My priority for allowing weight is as follows (and working on 200kg already being gone for 2 adults and a kid/dog
1. water
2. fuel
3. food
4. tools. (including recovery gear)
If I need to shed weight I start at the bottom of the list and work up...
packing an expiditionary toolbox is always an entertaining debate but since I usually wind up doing support work and cant gaurentee that other people are going to bring appropriate tools I almost always carry about 60Kg worth of tools (not including recovery gear) that will let me get most things sorted to limping starting with a blown tyre right up to a siezed diff.

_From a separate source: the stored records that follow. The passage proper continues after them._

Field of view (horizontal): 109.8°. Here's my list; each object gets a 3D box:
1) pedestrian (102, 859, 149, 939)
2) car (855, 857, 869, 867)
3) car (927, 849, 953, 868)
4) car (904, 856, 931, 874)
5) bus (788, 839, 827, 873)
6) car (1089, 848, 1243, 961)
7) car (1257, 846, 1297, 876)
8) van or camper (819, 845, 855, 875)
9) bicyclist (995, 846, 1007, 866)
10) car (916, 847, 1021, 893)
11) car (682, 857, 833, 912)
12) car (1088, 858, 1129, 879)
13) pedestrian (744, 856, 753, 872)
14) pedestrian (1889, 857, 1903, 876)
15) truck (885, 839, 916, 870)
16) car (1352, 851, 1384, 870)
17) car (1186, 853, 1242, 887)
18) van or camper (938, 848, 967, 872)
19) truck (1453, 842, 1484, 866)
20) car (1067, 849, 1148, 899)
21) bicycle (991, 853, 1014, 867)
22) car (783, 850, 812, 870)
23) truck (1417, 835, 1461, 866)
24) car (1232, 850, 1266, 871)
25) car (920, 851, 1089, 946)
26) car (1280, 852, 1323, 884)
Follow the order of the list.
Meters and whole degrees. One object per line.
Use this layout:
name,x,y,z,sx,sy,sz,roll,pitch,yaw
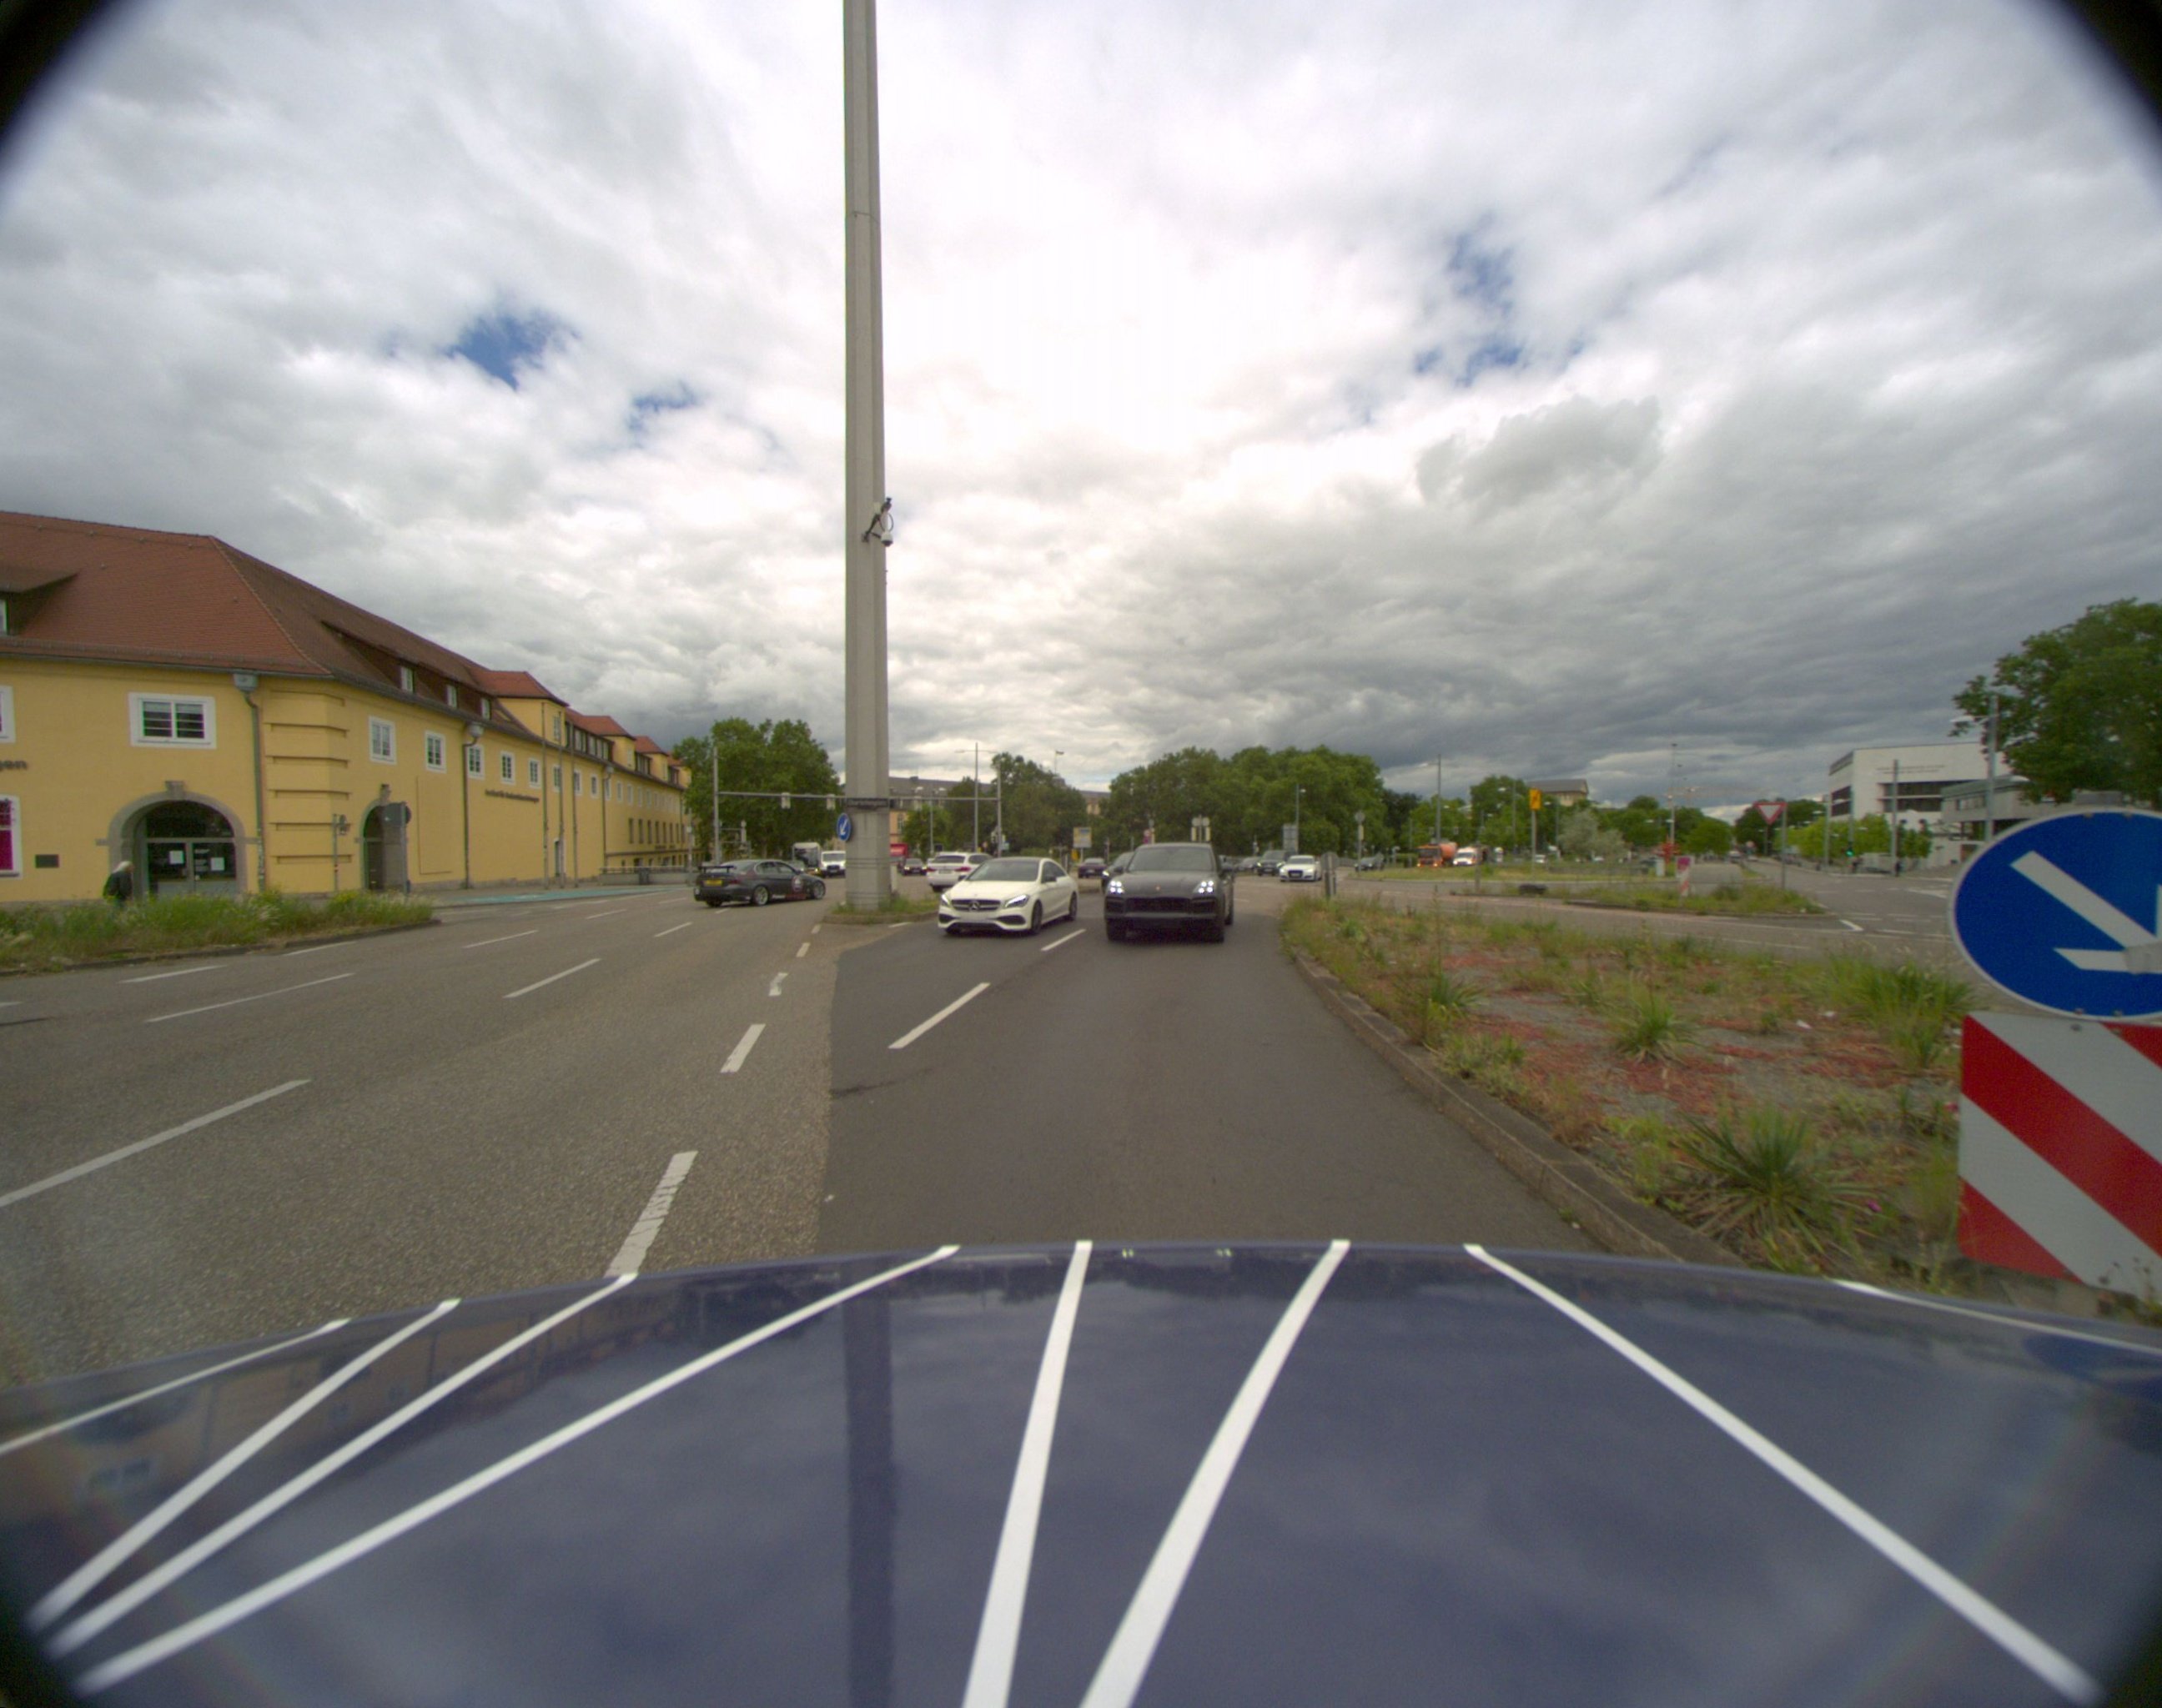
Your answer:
pedestrian,-23.223,1.072,18.474,0.556,1.884,0.640,0,2,40
car,-32.246,1.190,111.983,1.816,1.370,3.632,-1,1,-18
car,-13.869,0.399,74.537,2.001,1.744,3.954,-1,1,-17
car,-13.646,0.859,63.157,1.742,1.392,3.705,-1,1,-19
bus,-28.320,0.100,78.847,3.438,3.185,13.040,-1,1,-19
car,1.770,0.753,13.878,2.002,1.629,5.026,-1,0,15
car,14.057,0.470,54.330,1.856,1.976,4.649,1,1,25
van or camper,-19.473,0.413,60.930,2.376,2.249,6.279,0,0,-15
bicyclist,-6.326,0.157,59.979,0.723,1.630,0.504,-1,1,-40
car,-4.184,0.551,29.228,1.996,1.496,5.044,-1,2,16
car,-9.648,0.859,23.091,1.756,1.326,4.417,-2,1,16
car,1.834,0.919,49.192,1.673,1.257,4.062,-1,0,16
pedestrian,-29.906,0.891,68.367,0.682,1.372,0.578,-1,1,-19
pedestrian,75.776,1.198,70.643,0.681,1.738,0.893,0,1,35
truck,-21.288,0.076,89.297,2.794,3.469,8.336,-1,1,-18
car,28.207,0.617,74.686,1.855,1.729,3.748,0,1,38
car,7.021,0.786,39.888,1.995,1.592,4.006,-1,1,23
van or camper,-11.172,0.487,65.906,1.867,1.905,4.706,-1,1,-17
truck,46.369,-0.039,90.769,1.951,2.768,5.801,0,1,41
car,1.050,0.654,27.224,1.996,1.537,4.572,0,1,13
bicycle,-6.200,0.436,60.027,1.732,1.066,0.504,-1,1,-39
car,-21.980,0.431,58.990,1.830,1.401,3.993,-1,1,-17
truck,43.993,-0.417,93.250,2.720,3.595,9.197,0,1,39
car,13.811,0.506,62.336,1.995,1.668,4.006,0,1,22
car,-1.318,0.758,15.312,1.868,1.560,4.656,-1,1,14
car,12.352,0.734,42.383,2.092,1.600,4.418,0,1,19

If I was a trip leader for a long distance convoy Id have everyone carry one trays worth of tools from the box. which is about 8kg each on average on top of your normal tyre changing gear.
it also varies with the type of trip your planning on doing.
Dave
"In a Landrover the other vehicle is your crumple zone."
For spelling call Rogets, for mechanicing call me.
Fozzy, 2.25D SIII Ex DCA Ute
TdiautoManual d1 (gave it to the Mupion)
Archaeoptersix 1990 6x6 dual cab(This things staying)
If you've benefited from one or more of my posts please remember, your taxes paid for my skill sets, I'm just trying to make sure you get your monies worth.
If you think you're in front on the deal, pay it forwards.